The record company duly paid royalties to the Detroit-based manager, who neither informed the artist nor paid him the money owed to him. As a result, Sixto Rodriguez remained oblivious to his fame in South Africa, and the fortune that should have been his. A brief interlude back in music between 1979 and 1981 saw him tour Australia with Midnight Oil and the Mark Gillespie Band, but news of it never reached his fans in South Africa and he returned to obscurity in downtrodden Detroit. Until 1998, when two Cape Town fans tired of merely wondering about Rodriguez and what had become of him realised the internet should produce some answers.

Weary of urban myths proclaiming the artist to have killed himself on stage, written the album in prison and have long since passed away, they set up a website requesting information, and one morning received a phone call from one of Rodriguez’s daughters. To say she was bewildered is an understatement, as it would be to try and describe the excitement of the fans. News soon spread and before you can say ‘I’ve found him’ Sixto Rodriguez and his daughters were invited to Cape Town for a concert tour that sold tens of thousands of tickets in a question of minutes.

An Oscar-winning documentary film
If the story isn’t enough of a modern-day fairy tale, the emotional scenes at the first concert provide the goosebump-filled highlight of the documentary-film that won Malik Bendjelloul and his colleagues the 2013 Academy Award for Best Documentary Feature, as well as that year’s BAFTA Award for Best Documentary. The crowd cheered for 20 minutes solid as Rodriguez walked on to the stage and the familiar chords of I wonder began to play. It is a moment of huge emotional intensity seldom recorded on film, and hard to comprehend for those ‘who weren’t there’; those who didn’t live through the South Africa of the 1970s and 80s. For whatever reason, two whole generations held this mysterious man with his haunting lyrics in their hearts, and it all poured out one evening at the Good Hope Centre in Cape Town.

The humility and humanity of Sixto, meanwhile, shines through everything, as he stood there smiling before thousands of adoring fans, neither arrogant nor humbled, but merely absorbing the love that should have been his all along. Now the world knows about Sixto Rodriguez, the Dylan that never was but has risen from the dead to enjoy an Indian summer in his career. Sometimes called the artists’ artist, he tours around the world and his songs are covered by people as wide and varied as Paolo Nutini and the Dave Matthews Band. For all that befell him before, and befalls him now, ‘Sugar Man’ long resisted calls to sue for damages, gives most of his money to his daughters and continues to live in his old house in Detroit.

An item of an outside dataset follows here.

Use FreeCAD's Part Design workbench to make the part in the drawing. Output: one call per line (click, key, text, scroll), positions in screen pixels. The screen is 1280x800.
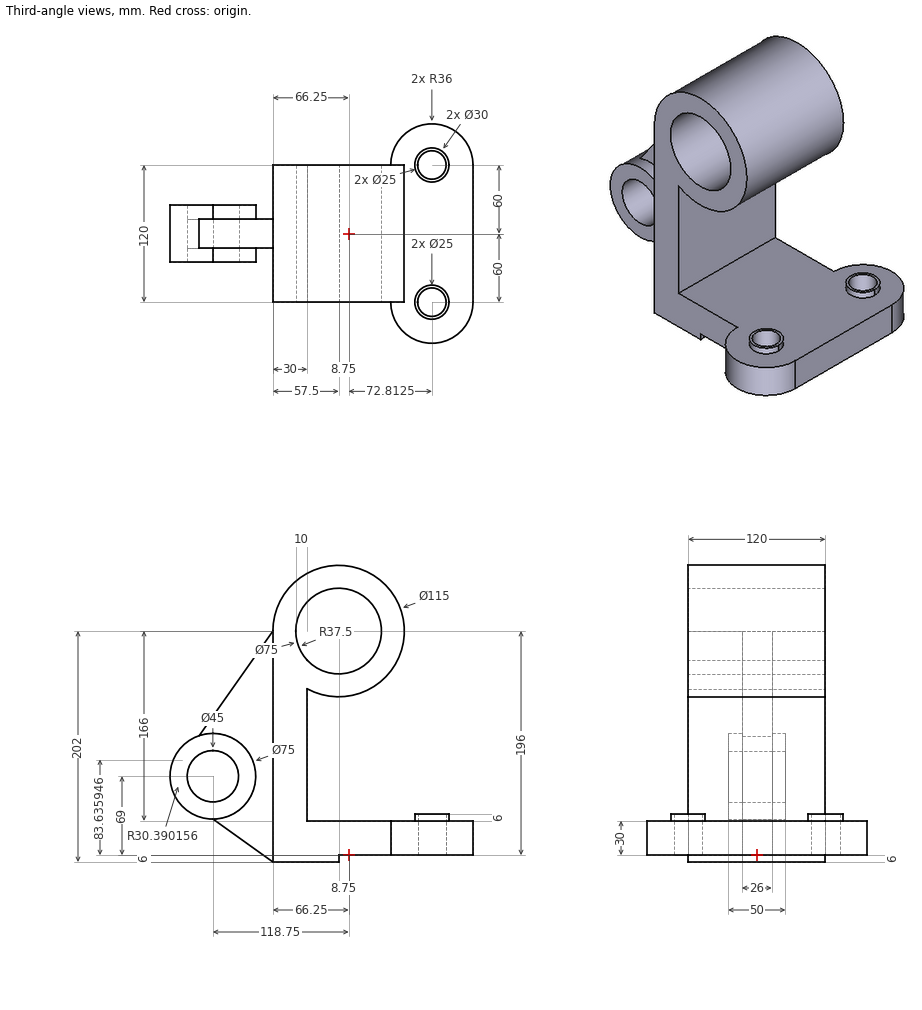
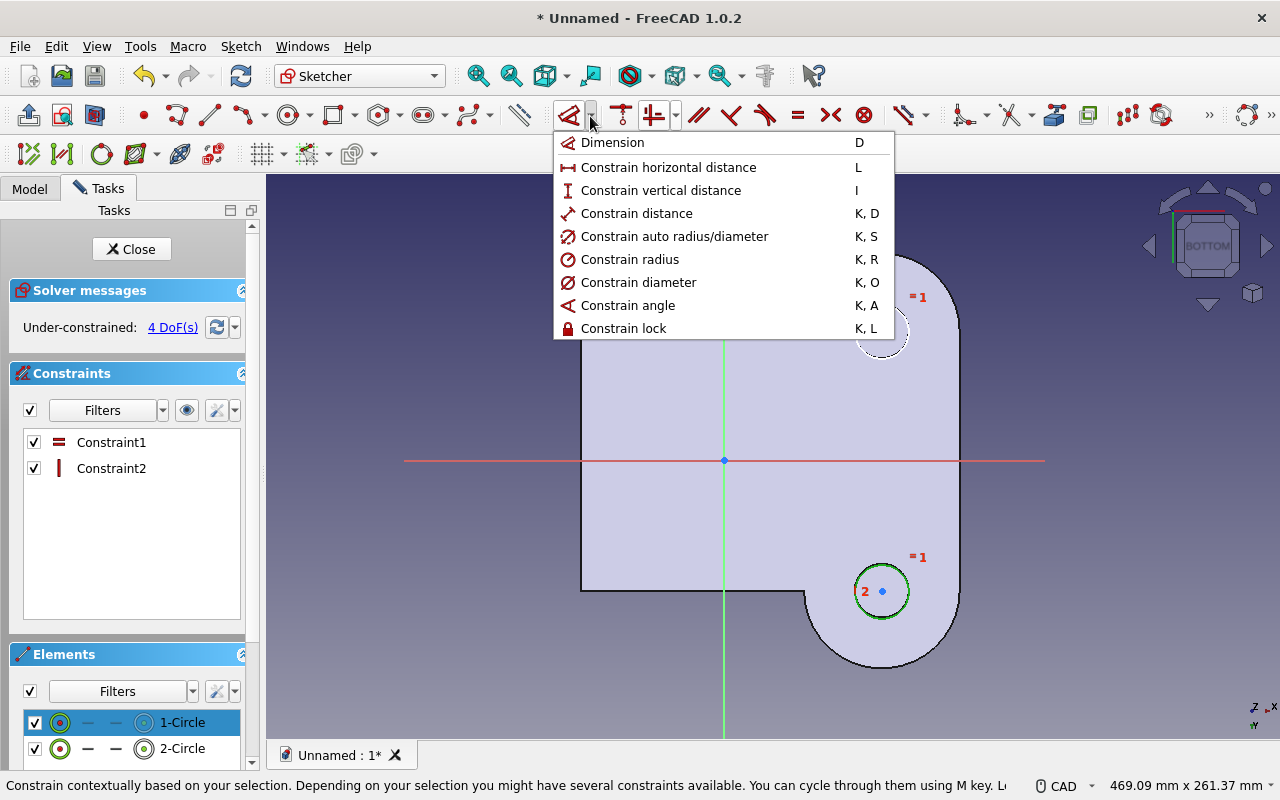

I saw him at the Royal Albert Hall in London and witnessed first hand how an international audience has taken to this phenomenon, not just because his story will be the last to be told this way, not just because it produced an Oscar-winning documentary film, and not only because of the music he wrote as a young man that continues to resonate today—but also because, in the face of it all, Sixto Rodriguez is a unique individual in an age that badly needs idols with humility, sageness and purity of spirit.